Mondays are Mine

In response to The Daily Post’s writing prompt: “Must Not Fail.”

In the few months before I met my husband I was requested by ex-colleagues to join a startup company. I was between projects so was not busy at work. I decided to go for it, receiving a good increase in the process. From the first day I knew it was not going to be for me. At times I would be left in a small office by myself with no one to talk to, and systems to learn. I’ve always worked in an open-plan office. I am somewhat reserved so it is not that I spend my time chatting to the others or making heaps of friends, but I like having people around me. To put me in an empty space for hours on end is never going to give me warm fuzzy feelings. I learnt the software and persevered. There were defects in the software that made it difficult to work with. Being the only engineer, I ended up working days, nights and weekends.
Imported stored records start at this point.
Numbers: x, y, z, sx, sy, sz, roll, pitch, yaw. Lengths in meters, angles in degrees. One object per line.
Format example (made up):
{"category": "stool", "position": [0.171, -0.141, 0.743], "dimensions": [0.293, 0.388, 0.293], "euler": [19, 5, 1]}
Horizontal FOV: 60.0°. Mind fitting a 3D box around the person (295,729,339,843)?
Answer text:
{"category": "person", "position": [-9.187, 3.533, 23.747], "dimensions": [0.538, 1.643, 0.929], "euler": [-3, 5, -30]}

My stress levels rocketed. My nails were torn off, nerves shot.
In the meantime my role at my previous company had been filled. I remember getting a phone call from the new engineer asking me about some code.
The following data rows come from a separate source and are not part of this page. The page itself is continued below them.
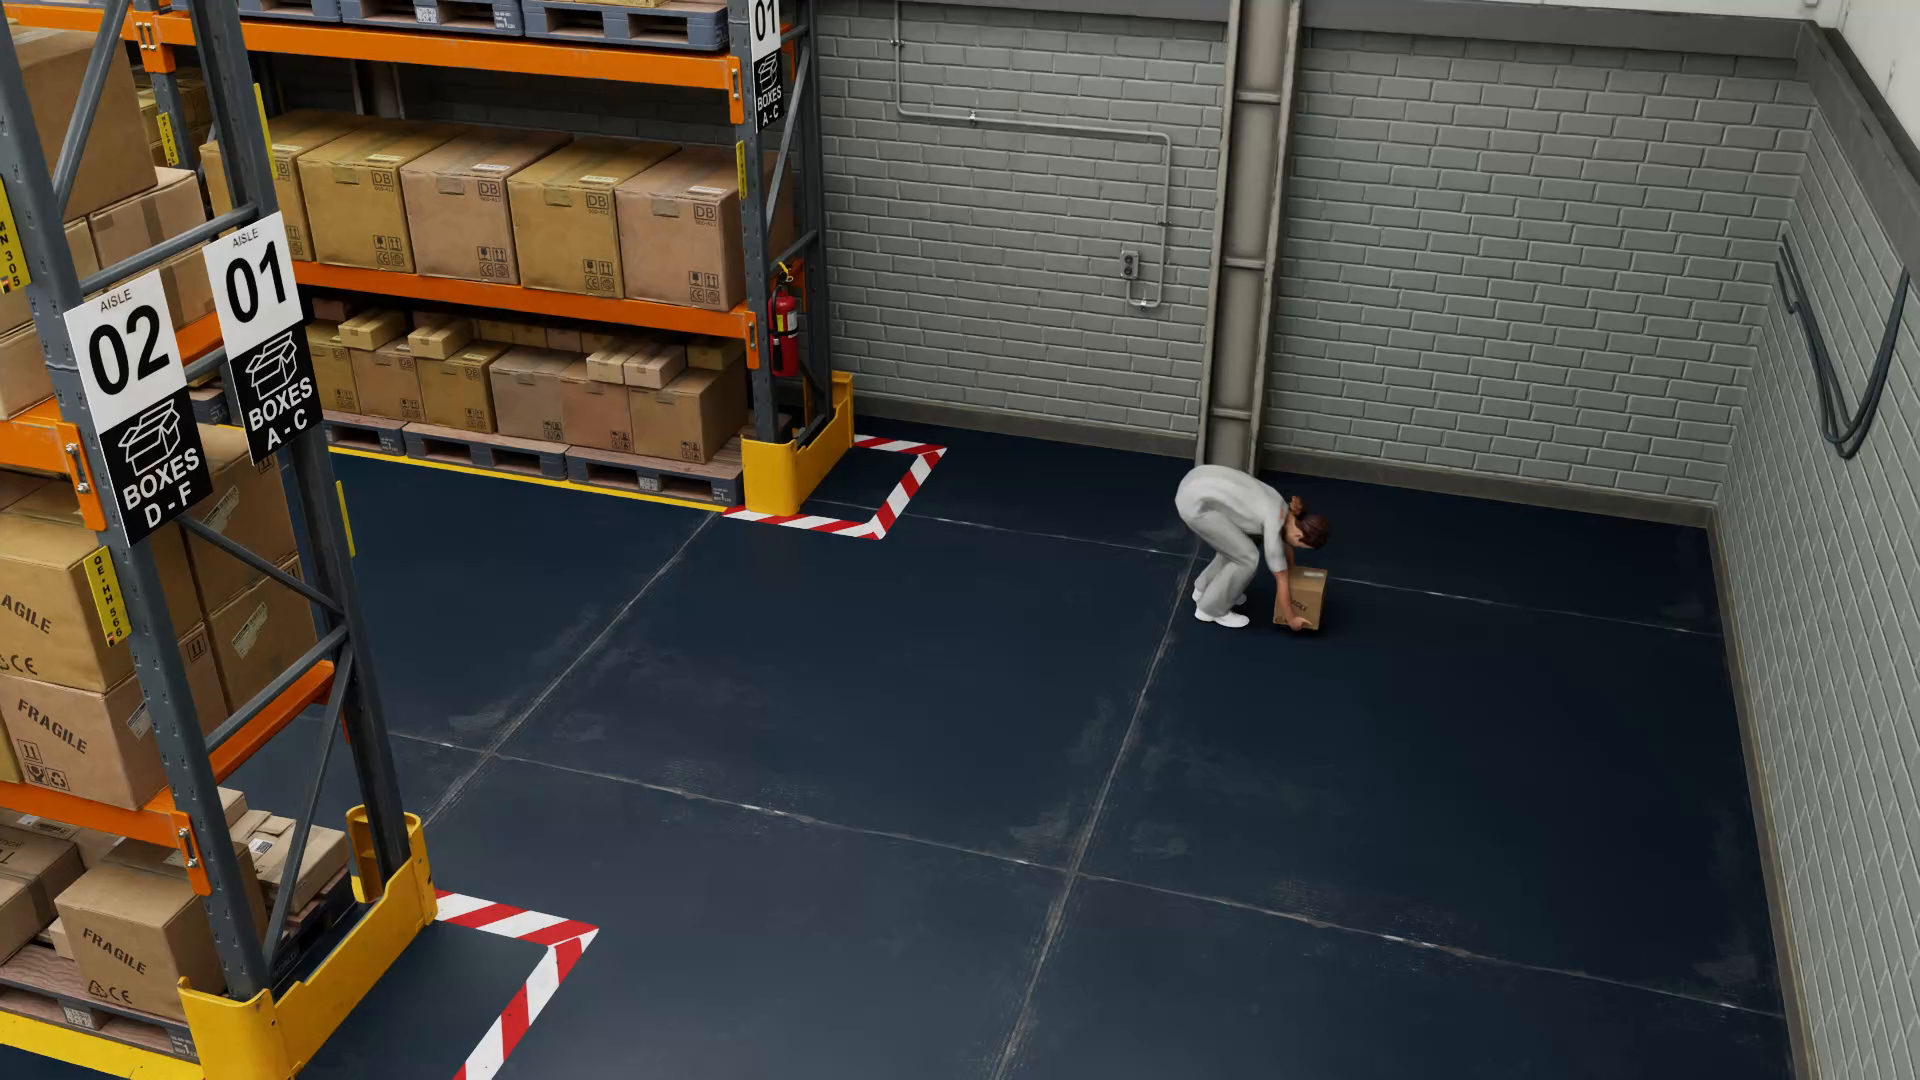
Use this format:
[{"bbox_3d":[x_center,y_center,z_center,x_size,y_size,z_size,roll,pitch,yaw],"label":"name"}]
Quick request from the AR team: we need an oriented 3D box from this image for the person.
[{"bbox_3d":[1.608,0.036,9.235,0.847,0.892,0.462,7,30,12],"label":"person"}]
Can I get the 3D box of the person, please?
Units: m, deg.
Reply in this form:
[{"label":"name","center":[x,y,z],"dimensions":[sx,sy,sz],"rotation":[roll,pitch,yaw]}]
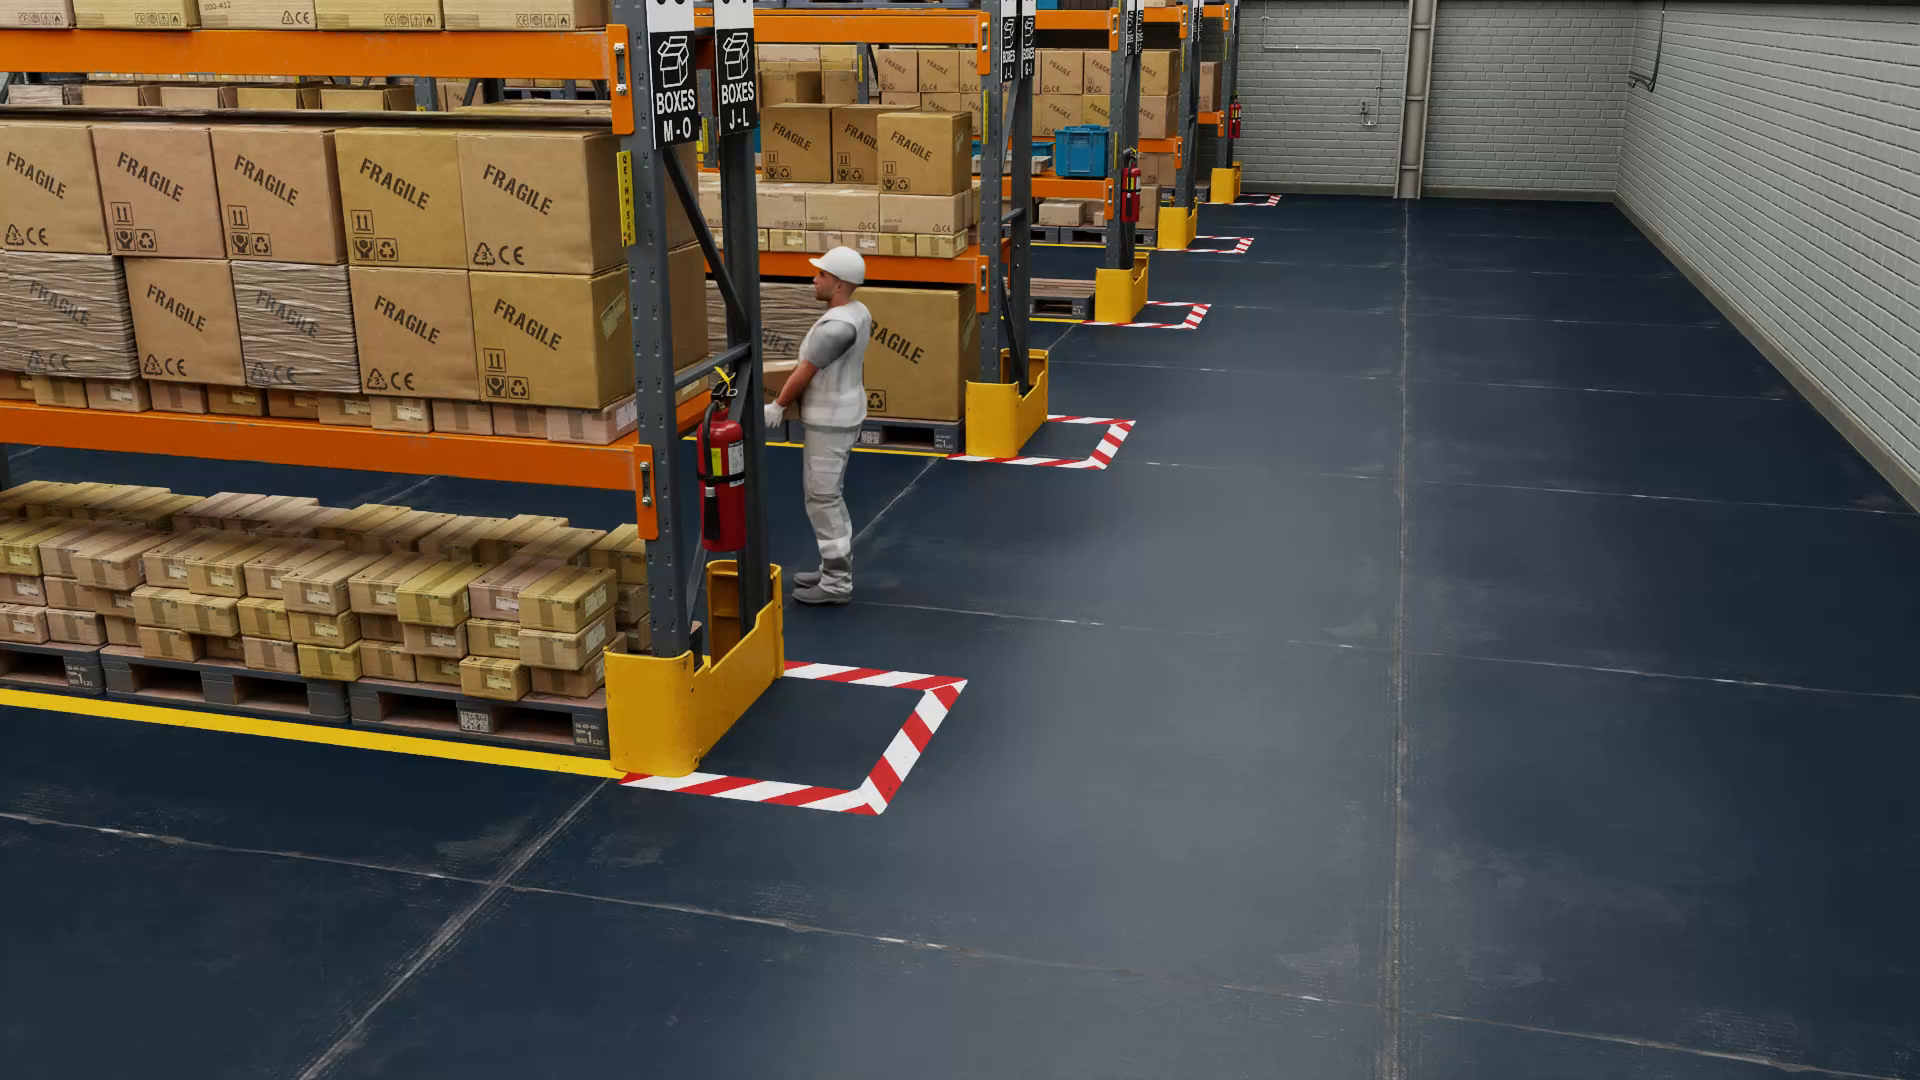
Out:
[{"label":"person","center":[-0.736,-0.568,8.267],"dimensions":[0.572,1.782,0.493],"rotation":[2,18,8]}]

One day, after six months of this elevated pressure, I had enough. The system kept on randomly crashing, and I couldn’t deliver to the clients. My nerves gave out and I couldn’t go on. I started crying and could not stop. I was 25 and had no support system. There was no one in the world I could turn to. I had met someone and starting dating him. I was so fond of him, thought the world of him. He eventually couldn’t handle a manic-me, falling apart and turning into a crazy lady. He left. I was devastated. More tears. My mother had passed away a few years back, and my grandmother whom I was very close to had also recently passed away. It was me on my own. I called my previous manager. Do you have work for me please? Yes, come and see me tomorrow, he replied. I did, and after a short break I went back. On the first day of my return I met my replacement. He had a lovely smile. But when I tried to chat to him he just kept busy. Oh well. Leave him be. He’s busy, I get it. And my heart’s just been broken I’m not interested in men anyway. This was in the October. In the January we started working on a project together. The following January we got married. But I haven’t changed companies since then. I continued to work for the same company in Australia. They were partly responsible for my relocation. And I’m still there. I guess I’m too scared to leave. Last year I had enough, seven years in Sydney and it’s time. It was offered that I take an extended break, with my position still held. So I did, I had four months being a stay-at-home Mum and loved it. And I only work four days a week, Mondays are mine, it’s a privilege I don’t want to give up!